Ottoman NER expects CoNLL format data with BIO tagging:

```
Sultan B-PER
Abdülhamid I-PER
İstanbul B-LOC
'da O
yaşıyordu O
. O

Osmanlı B-ORG
Devleti I-ORG
'nin O
başkenti O
İstanbul B-LOC
'dur O
. O
```

---

## Project Background & Acknowledgments

This project builds upon foundational work in Ottoman Turkish NLP and represents a focused effort to provide a clean, maintainable NER solution for historical Turkish texts.

### References

- **Karagöz et al. (2024)** — *"Towards a Clean Text Corpus for Ottoman Turkish"* [ACL Anthology](https://aclanthology.org/2024.sigturk-1.6.pdf)
- **Özateş et al. (2025)** — *"Building Foundations for Natural Language Processing of Historical Turkish: Resources and Models"* [arXiv:2501.04828](https://arxiv.org/pdf/2501.04828)

### Special Thanks

Sincere gratitude to **Assoc. Prof. Şaziye Betül Özateş** and the **Boğaziçi University Computational Linguistics Lab (BUColin)** for their foundational contributions to historical Turkish NLP.

---

## Requirements

- Python 3.8+
- PyTorch 1.9+
- Transformers 4.20+
- See `requirements.txt` for complete dependencies

---

## Contributing

We welcome contributions!
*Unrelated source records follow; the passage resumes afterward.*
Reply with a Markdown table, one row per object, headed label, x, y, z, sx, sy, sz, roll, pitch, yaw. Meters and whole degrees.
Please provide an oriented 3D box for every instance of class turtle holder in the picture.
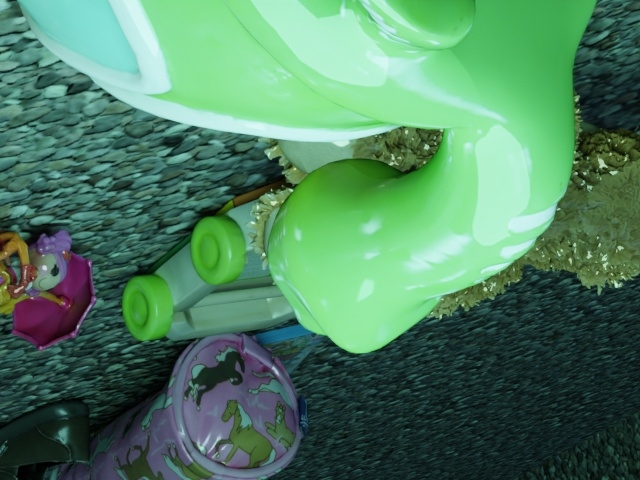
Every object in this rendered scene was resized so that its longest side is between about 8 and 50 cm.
| label | x | y | z | sx | sy | sz | roll | pitch | yaw |
| --- | --- | --- | --- | --- | --- | --- | --- | --- | --- |
| turtle holder | -0.005 | -0.140 | 0.670 | 0.227 | 0.243 | 0.320 | -7 | 138 | 43 |

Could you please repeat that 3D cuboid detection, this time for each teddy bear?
| label | x | y | z | sx | sy | sz | roll | pitch | yaw |
| --- | --- | --- | --- | --- | --- | --- | --- | --- | --- |
| teddy bear | 0.108 | -0.044 | 1.344 | 0.338 | 0.113 | 0.245 | -14 | 120 | -8 |

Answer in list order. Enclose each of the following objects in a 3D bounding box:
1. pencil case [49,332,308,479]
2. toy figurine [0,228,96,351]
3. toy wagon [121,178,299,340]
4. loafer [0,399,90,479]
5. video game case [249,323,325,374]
| label | x | y | z | sx | sy | sz | roll | pitch | yaw |
| --- | --- | --- | --- | --- | --- | --- | --- | --- | --- |
| pencil case | -0.162 | 0.228 | 1.929 | 0.167 | 0.160 | 0.386 | -11 | 163 | -34 |
| toy figurine | -0.239 | 0.037 | 1.361 | 0.159 | 0.130 | 0.173 | -24 | 146 | -40 |
| toy wagon | 0.000 | 0.000 | 1.537 | 0.267 | 0.068 | 0.344 | -6 | 159 | -39 |
| loafer | -0.335 | 0.241 | 1.925 | 0.220 | 0.078 | 0.080 | -27 | 162 | 24 |
| video game case | -0.065 | 0.129 | 1.986 | 0.119 | 0.015 | 0.166 | -12 | 163 | -23 |

Please see [CONTRIBUTING.md](CONTRIBUTING.md) for guidelines.

1. Fork the repository
2. Create a feature branch (`git checkout -b feature/amazing-feature`)
3. Commit your changes (`git commit -m 'Add amazing feature'`)
4. Push to the branch (`git push origin feature/amazing-feature`)
5. Open a Pull Request

---

## License

This project is licensed under the MIT License - see the [LICENSE](LICENSE) file for details.

---

## Citation

If you use Ottoman NER in your research, please cite:

```bibtex
@software{ottoman_ner_2024,
  title={Ottoman NER: A Toolkit for Ottoman Turkish Named Entity Recognition},
  author={Karagöz, Fatih Burak},
  year={2024},
  url={https://github.com/fatihburakkarag/ottoman-ner},
  version={2.0.0}
}
```

---

## Related Projects

For broader Ottoman Turkish NLP research and experimental tools, see the upcoming **`ottominer`** repository (coming soon).